Over the weekend, members of the National Guard carrying assault rifles were seen turning back migrants in Ciudad Juárez, Chihuahua.

A photograph taken in the northern border city and published by the news agency AFP showed one guardsman pulling back a woman who was holding the hand of a young girl while another agent was poised to intercept the path of a third female migrant.

The image triggered criticism of Mexico’s enforcement of stricter immigration policies.

“This is how Mexico is becoming Trump’s immigration police and the United States’ waiting room,” wrote journalist Jorge Ramos on Twitter.

A soldier holds on to a woman while a girl appears to make a run for it.
A soldier holds on to a woman while a girl appears to make a run for it.

“The National Guard, in theory, shouldn’t be repressing those who want to cross to the United States,” said Isabel Sánchez, coordinator for a Ciudad Juárez civic group with a focus on security and justice.

However, a poll published by the newspaper El Financiero last week showed that there is strong support in Mexico for strong immigration enforcement.

Almost two-thirds of respondents said that the government should close the southern border to migrants, and an even higher percentage supported the deployment of the National Guard to enforce stricter immigration policies.

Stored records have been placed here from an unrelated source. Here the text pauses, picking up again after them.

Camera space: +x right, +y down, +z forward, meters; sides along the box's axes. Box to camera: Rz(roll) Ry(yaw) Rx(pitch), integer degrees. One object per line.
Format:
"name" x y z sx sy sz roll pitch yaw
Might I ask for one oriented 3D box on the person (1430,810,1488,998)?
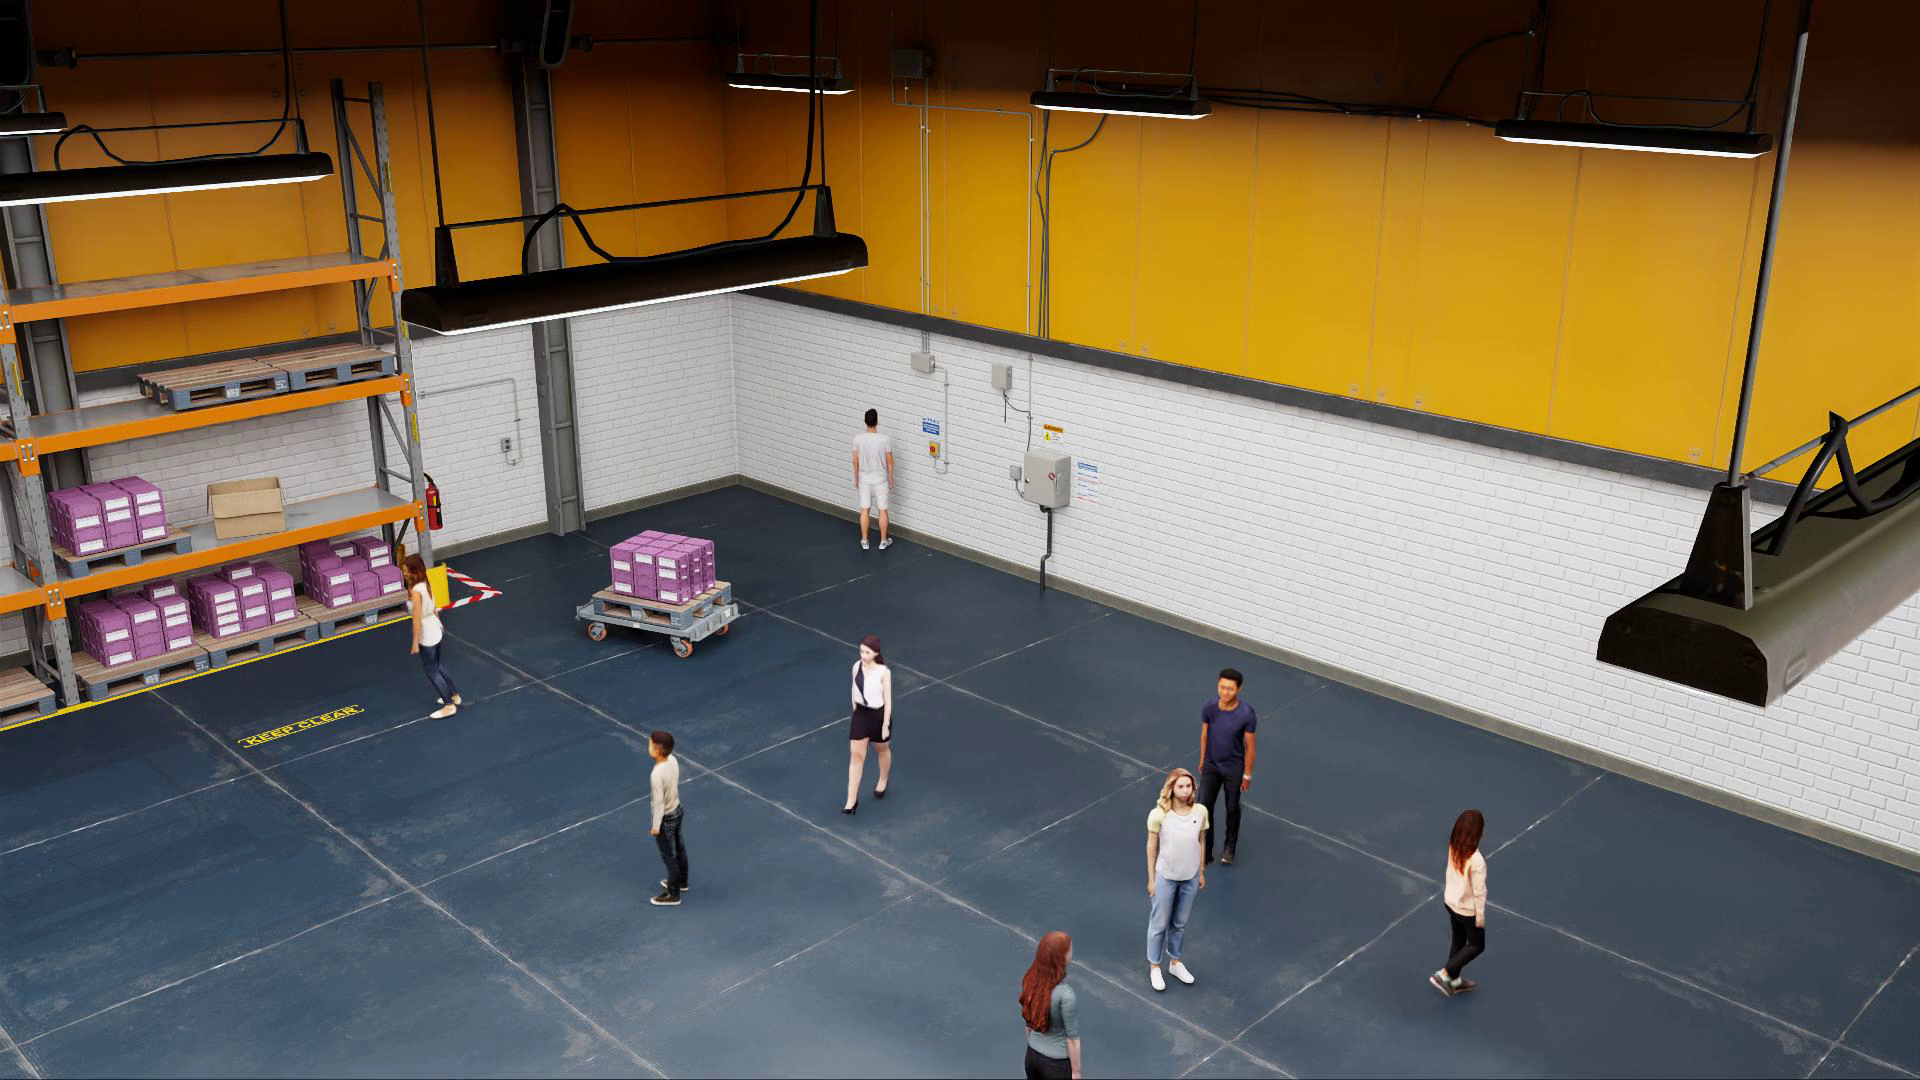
"person" 3.564 2.630 11.914 0.781 1.472 0.720 -5 19 -14

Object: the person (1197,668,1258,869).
"person" 2.234 1.847 13.767 0.785 1.773 0.876 10 21 28

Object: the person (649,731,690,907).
"person" -2.323 2.194 13.224 0.693 1.463 0.596 4 19 11

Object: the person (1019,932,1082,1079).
"person" 0.545 3.135 9.991 0.554 1.743 0.608 -14 23 -37

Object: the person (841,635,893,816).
"person" -0.734 1.591 14.775 0.836 1.614 1.097 8 20 22

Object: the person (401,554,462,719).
"person" -5.194 0.948 16.477 0.830 1.748 0.807 2 19 5

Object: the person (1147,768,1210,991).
"person" 1.561 2.438 12.091 0.639 1.722 0.767 -6 20 -17

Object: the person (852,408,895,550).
"person" -1.121 -0.789 21.465 0.760 1.856 0.806 1 19 3

The Associated Press reported that about 100 migrants were transported yesterday to a detention center in Arriaga, Chiapas, while Milenio TV said that 146 people were detained in a private home in Querétaro and more than 100 migrants were taken away from a hotel in Veracruz.

More than 74,000 migrants have been arrested since the new government took office in December, and over 53,000 were deported.

However, the number of undocumented migrants arrested in the United States after crossing the border between ports of entry has risen sharply this year and last month exceeded 144,000.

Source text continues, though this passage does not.